**Work request:**
Return all entries verbatim; skip any pictures.
*** Listed records Section Begins ***
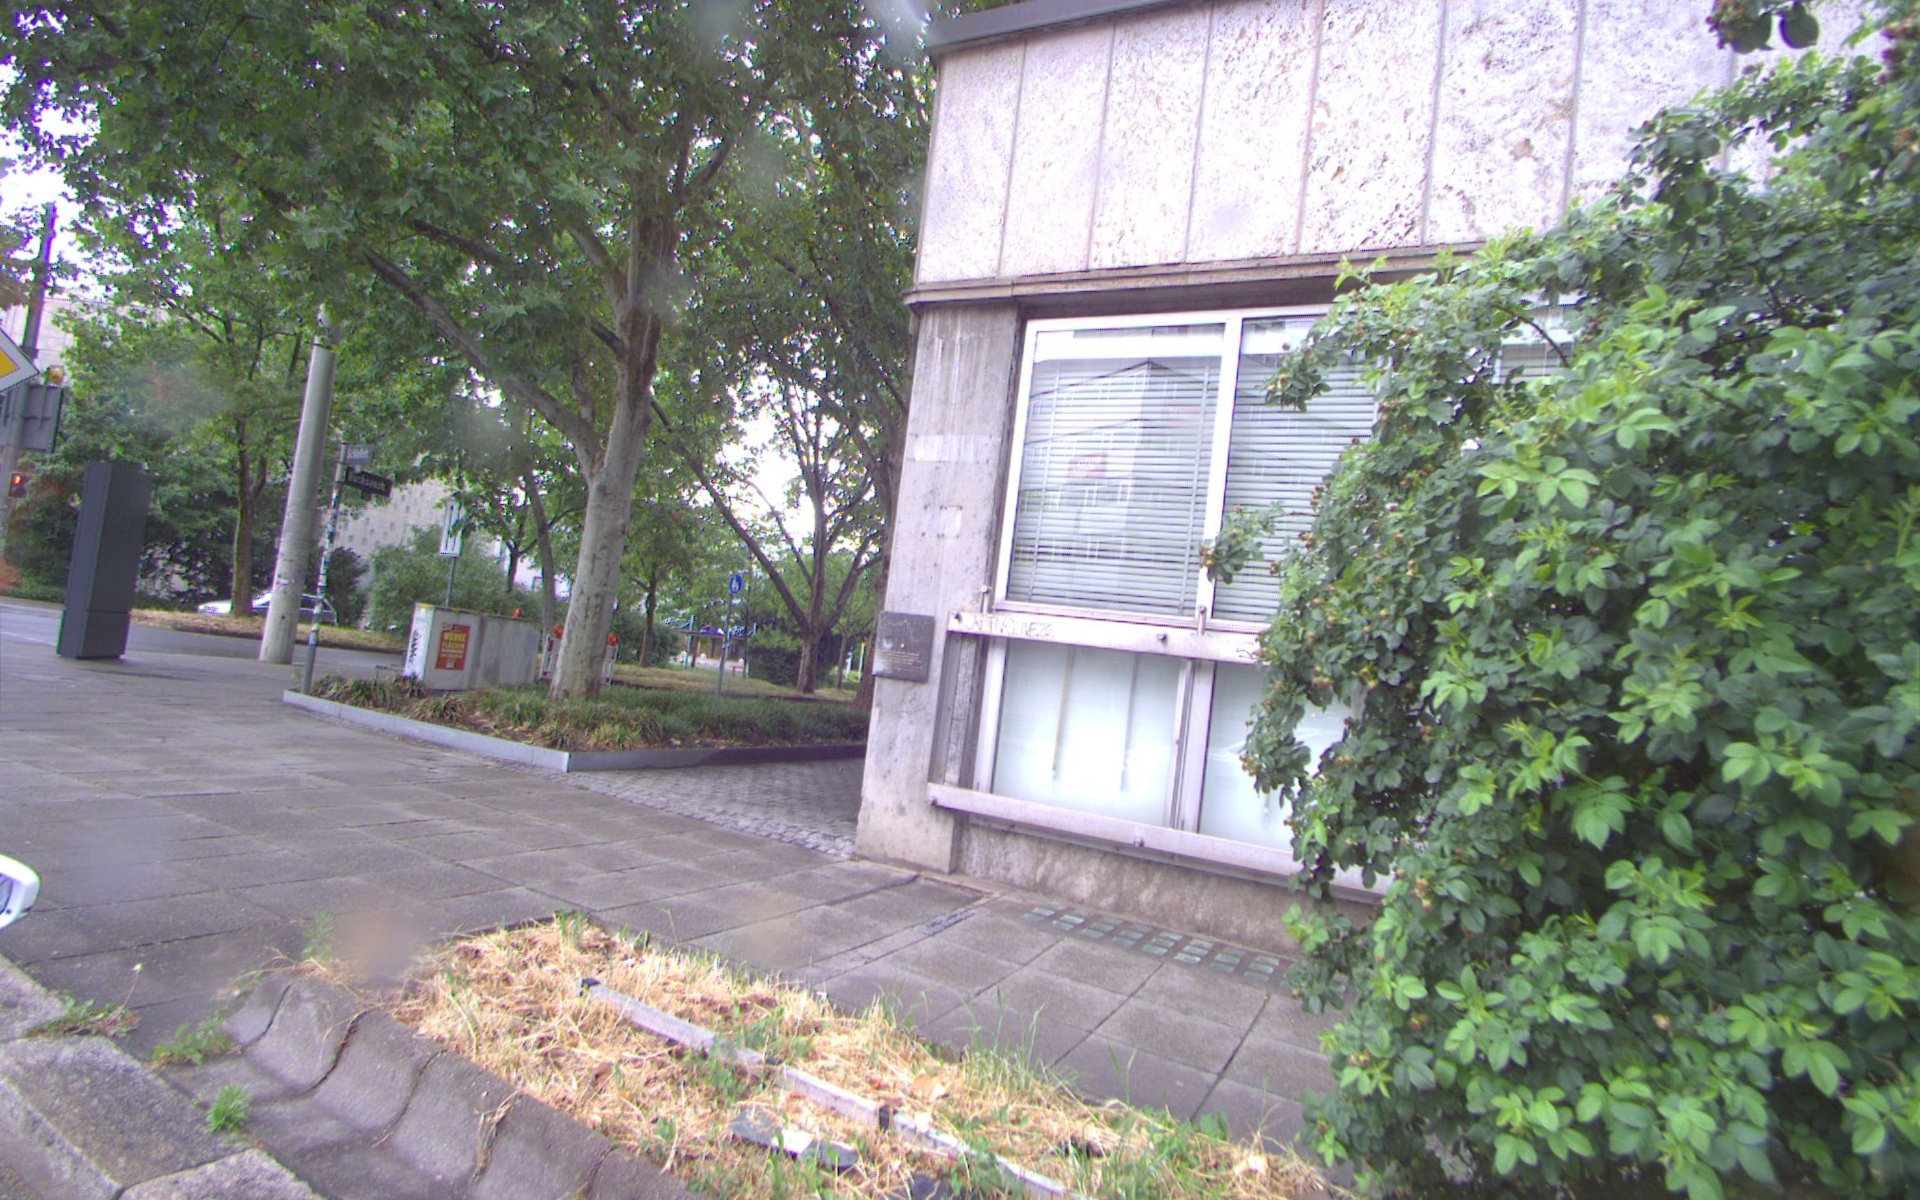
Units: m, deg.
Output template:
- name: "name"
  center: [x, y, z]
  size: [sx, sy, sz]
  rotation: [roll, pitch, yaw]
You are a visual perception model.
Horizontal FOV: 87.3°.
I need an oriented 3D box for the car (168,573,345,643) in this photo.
- name: "car"
  center: [-22.106, 0.300, 31.778]
  size: [1.964, 1.456, 4.007]
  rotation: [6, -6, 25]
*** Listed records Section Ends ***
**Task result:**
Units: m, deg.
Output template:
- name: "name"
  center: [x, y, z]
  size: [sx, sy, sz]
  rotation: [roll, pitch, yaw]
You are a visual perception model.
Horizontal FOV: 87.3°.
I need an oriented 3D box for the car (168,573,345,643) in this photo.
- name: "car"
  center: [-22.106, 0.300, 31.778]
  size: [1.964, 1.456, 4.007]
  rotation: [6, -6, 25]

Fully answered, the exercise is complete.